Abbreviations: ALT, alanine transaminase; AST, aspartate transaminase; BMI, body mass index (calculated as weight in kilograms divided by height in meters squared); HBV, hepatitis B virus; HCC, hepatocellular carcinoma; INR, international normalized ratio.

SI conversion factors: To convert albumin to proportion of 1.0, multiply by 0.1; ALT and AST to microkatals per liter, multiply by 0.0167; bilirubin to micromoles per liter, multiply by 17.104; platelets to ×109/L, multiply by 1.

HCC Incidence

Among 1 811 461 patients, 946 (0.05%) developed HCC over a median (range) follow-up of 9.3 (5.8-12.4) years, for an incidence rate of 0.065 per 1000 person-years (Table 2). The 5-year cumulative incidence was 0.003% in the low-risk group, 0.018% in the medium-risk group, and 0.242% in the high-risk group. In stratified analyses, the HCC incidence rate was significantly greater in the subset with cirrhosis (1.216 events per 1000 person-years), compared with patients without cirrhosis (0.057 events per 1000 person-years). Asian patients had the highest HCC incidence (0.088 events per 1000 person-years); incidence was 0.03 events per 1000 person-years among Black patients, 0.054 events per 1000 person-years among Hispanic patients, 0.061 events per 1000 person-years among White patients, and 0.085 events per 1000 person-years among patients who identified as other race or ethnicity. The HCC incidence rate was higher in patients aged 76 years and older (0.204 events per 1000 person-years), followed by patients aged 66 to 75 years (0.181 events per 1000 person-years) and 41 to 65 years (0.045 events per 1000 person-years), and lowest among those aged 40 years or younger (0.005 events per 1000 person-years) (Table 2).
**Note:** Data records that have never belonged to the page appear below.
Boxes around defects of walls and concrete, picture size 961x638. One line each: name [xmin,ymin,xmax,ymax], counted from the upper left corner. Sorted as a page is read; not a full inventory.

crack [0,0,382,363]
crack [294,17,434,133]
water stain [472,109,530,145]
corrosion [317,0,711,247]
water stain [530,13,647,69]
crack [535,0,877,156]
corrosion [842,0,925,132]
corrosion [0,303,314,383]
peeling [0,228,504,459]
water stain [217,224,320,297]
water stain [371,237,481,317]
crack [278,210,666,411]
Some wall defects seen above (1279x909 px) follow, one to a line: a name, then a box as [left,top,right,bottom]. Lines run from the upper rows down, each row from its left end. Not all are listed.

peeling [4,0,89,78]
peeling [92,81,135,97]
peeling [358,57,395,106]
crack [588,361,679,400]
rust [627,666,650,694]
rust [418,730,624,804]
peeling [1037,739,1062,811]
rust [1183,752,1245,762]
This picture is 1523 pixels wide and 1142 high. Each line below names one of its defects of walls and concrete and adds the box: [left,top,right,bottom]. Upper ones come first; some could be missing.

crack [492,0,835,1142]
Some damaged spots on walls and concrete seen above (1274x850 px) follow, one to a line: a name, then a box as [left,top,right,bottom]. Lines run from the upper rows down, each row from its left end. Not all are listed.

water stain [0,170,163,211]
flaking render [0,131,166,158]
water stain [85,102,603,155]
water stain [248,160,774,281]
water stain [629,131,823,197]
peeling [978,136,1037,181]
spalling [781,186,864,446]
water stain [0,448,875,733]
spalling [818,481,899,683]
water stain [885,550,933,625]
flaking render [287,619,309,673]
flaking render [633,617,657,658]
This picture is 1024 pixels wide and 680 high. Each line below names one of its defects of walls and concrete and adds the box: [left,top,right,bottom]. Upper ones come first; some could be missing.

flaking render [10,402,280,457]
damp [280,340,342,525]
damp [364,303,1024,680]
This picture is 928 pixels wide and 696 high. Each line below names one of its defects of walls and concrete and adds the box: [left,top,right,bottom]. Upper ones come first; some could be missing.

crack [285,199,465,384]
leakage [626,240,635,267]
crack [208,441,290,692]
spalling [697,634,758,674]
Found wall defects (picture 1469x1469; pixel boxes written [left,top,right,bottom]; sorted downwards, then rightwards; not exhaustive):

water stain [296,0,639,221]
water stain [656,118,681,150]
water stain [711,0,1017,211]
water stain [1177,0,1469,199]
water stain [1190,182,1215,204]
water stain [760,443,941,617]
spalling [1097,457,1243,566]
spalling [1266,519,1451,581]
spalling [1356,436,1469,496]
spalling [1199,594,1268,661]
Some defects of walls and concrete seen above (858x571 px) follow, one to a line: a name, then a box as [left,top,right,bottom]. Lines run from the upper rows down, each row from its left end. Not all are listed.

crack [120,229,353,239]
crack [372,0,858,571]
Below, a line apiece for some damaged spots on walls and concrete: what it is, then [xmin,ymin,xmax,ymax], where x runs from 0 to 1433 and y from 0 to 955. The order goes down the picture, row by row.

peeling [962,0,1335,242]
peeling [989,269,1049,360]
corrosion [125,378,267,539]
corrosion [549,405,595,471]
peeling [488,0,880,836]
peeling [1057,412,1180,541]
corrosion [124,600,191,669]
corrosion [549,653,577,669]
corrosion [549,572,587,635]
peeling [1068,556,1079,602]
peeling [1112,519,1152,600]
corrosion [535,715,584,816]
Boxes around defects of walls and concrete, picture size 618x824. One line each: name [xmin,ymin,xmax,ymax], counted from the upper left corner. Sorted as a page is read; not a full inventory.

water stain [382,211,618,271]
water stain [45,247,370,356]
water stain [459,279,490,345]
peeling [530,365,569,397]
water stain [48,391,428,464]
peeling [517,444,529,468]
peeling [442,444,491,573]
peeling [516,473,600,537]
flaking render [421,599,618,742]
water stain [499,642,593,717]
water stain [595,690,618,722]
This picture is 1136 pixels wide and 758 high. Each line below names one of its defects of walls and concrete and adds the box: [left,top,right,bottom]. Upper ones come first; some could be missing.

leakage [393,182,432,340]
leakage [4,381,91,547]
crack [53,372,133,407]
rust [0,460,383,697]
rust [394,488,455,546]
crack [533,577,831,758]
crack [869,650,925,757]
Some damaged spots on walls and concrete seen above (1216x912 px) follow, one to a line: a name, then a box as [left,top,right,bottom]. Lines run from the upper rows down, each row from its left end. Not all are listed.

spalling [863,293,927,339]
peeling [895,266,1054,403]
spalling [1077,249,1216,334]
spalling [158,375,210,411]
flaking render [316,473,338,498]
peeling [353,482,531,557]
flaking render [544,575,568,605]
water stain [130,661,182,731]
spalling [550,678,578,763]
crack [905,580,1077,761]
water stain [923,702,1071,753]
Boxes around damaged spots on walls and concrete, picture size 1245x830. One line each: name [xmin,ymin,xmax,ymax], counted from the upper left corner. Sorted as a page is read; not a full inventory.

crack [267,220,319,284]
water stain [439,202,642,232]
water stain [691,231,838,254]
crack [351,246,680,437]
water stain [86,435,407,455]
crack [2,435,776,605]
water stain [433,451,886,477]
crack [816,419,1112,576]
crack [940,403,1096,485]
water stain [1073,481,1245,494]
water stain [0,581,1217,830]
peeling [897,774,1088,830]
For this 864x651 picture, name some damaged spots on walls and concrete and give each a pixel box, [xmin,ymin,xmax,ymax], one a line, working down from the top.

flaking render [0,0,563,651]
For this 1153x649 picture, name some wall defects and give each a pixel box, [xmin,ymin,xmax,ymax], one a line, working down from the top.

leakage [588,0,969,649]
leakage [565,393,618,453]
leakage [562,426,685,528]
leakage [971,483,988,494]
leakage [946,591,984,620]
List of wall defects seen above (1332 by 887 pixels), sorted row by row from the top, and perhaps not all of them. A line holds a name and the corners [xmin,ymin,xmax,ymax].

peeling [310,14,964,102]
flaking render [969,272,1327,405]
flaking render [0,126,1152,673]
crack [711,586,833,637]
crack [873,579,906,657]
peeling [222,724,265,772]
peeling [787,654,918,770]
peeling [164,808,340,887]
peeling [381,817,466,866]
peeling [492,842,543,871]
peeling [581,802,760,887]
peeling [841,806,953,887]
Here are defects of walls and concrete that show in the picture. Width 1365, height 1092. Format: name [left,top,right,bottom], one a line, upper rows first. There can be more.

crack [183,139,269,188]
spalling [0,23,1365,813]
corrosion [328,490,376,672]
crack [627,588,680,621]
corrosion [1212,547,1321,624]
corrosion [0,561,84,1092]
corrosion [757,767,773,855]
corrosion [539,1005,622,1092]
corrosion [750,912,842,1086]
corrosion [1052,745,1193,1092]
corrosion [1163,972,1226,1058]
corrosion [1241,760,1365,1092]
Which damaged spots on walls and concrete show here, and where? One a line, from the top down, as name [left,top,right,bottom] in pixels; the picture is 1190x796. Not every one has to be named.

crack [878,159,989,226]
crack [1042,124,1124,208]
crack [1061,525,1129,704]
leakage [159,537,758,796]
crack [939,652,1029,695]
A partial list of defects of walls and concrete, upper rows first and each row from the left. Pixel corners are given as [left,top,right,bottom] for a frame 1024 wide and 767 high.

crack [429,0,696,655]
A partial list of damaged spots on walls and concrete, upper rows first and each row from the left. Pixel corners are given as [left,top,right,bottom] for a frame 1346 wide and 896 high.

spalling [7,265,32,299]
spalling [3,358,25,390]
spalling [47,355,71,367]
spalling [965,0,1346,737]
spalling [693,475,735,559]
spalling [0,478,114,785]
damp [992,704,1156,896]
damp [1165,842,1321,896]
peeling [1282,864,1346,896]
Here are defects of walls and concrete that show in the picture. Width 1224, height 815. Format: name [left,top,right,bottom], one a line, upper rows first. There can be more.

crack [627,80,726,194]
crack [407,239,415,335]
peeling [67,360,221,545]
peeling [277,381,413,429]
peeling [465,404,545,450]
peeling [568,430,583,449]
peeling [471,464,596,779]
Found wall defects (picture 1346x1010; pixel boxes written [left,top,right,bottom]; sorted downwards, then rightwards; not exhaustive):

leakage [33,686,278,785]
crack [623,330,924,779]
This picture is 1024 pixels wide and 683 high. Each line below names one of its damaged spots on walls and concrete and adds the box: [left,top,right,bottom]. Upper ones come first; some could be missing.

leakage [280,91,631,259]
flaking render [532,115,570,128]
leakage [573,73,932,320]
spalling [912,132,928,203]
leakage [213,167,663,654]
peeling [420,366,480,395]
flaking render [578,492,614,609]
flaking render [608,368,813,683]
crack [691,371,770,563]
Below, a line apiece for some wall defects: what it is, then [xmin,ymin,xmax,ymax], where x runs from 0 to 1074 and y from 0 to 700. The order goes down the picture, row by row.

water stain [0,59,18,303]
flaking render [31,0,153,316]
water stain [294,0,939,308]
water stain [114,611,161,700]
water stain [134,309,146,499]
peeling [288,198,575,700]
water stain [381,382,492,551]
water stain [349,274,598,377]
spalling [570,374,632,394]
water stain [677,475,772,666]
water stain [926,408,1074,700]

Table 2. Discrimination Between Patients With and Without HCC Using the Extreme Gradient Boosting Model, by Demographic and Clinical Characteristics.

Characteristic Sample size, No. (%) Incident HCC cases HCC incidence rate, per 1000 person-years AUC (95% CI) of validation sample
Overall 1 811 461 (100) 946 0.065 0.899 (0.882-0.916)
Cirrhosis
Yes 16 291 (0.9) 115 1.216 0.824 (0.740-0.908)
No 1 795 170 (99.1) 831 0.057 0.893 (0.875-0.911)
Race and ethnicity
Asian and Native Hawaiian or Pacific Islander 371 895 (20.5) 263 0.088 0.924 (0.903-0.944)
Black 118 687 (6.6) 30 0.030 0.836 (0.734-0.938)
Hispanic 275 132 (15.2) 116 0.054 0.942 (0.909-0.975)
White 925 649 (51.1) 451 0.061 0.919 (0.901-0.937)
Other 120 098 (6.6) 86 0.085 0.887 (0.833-0.940)
Age category, y
≤40 448 545 (24.8) 17 0.005 0.958 (0.931-0.986)
41-65 995 908 (55.0) 373 0.045 0.872 (0.837-0.908)
66-75 232 869 (12.9) 365 0.181 0.839 (0.798-0.879)
≥76 134 139 (7.4) 191 0.204 0.798 (0.740-0.855)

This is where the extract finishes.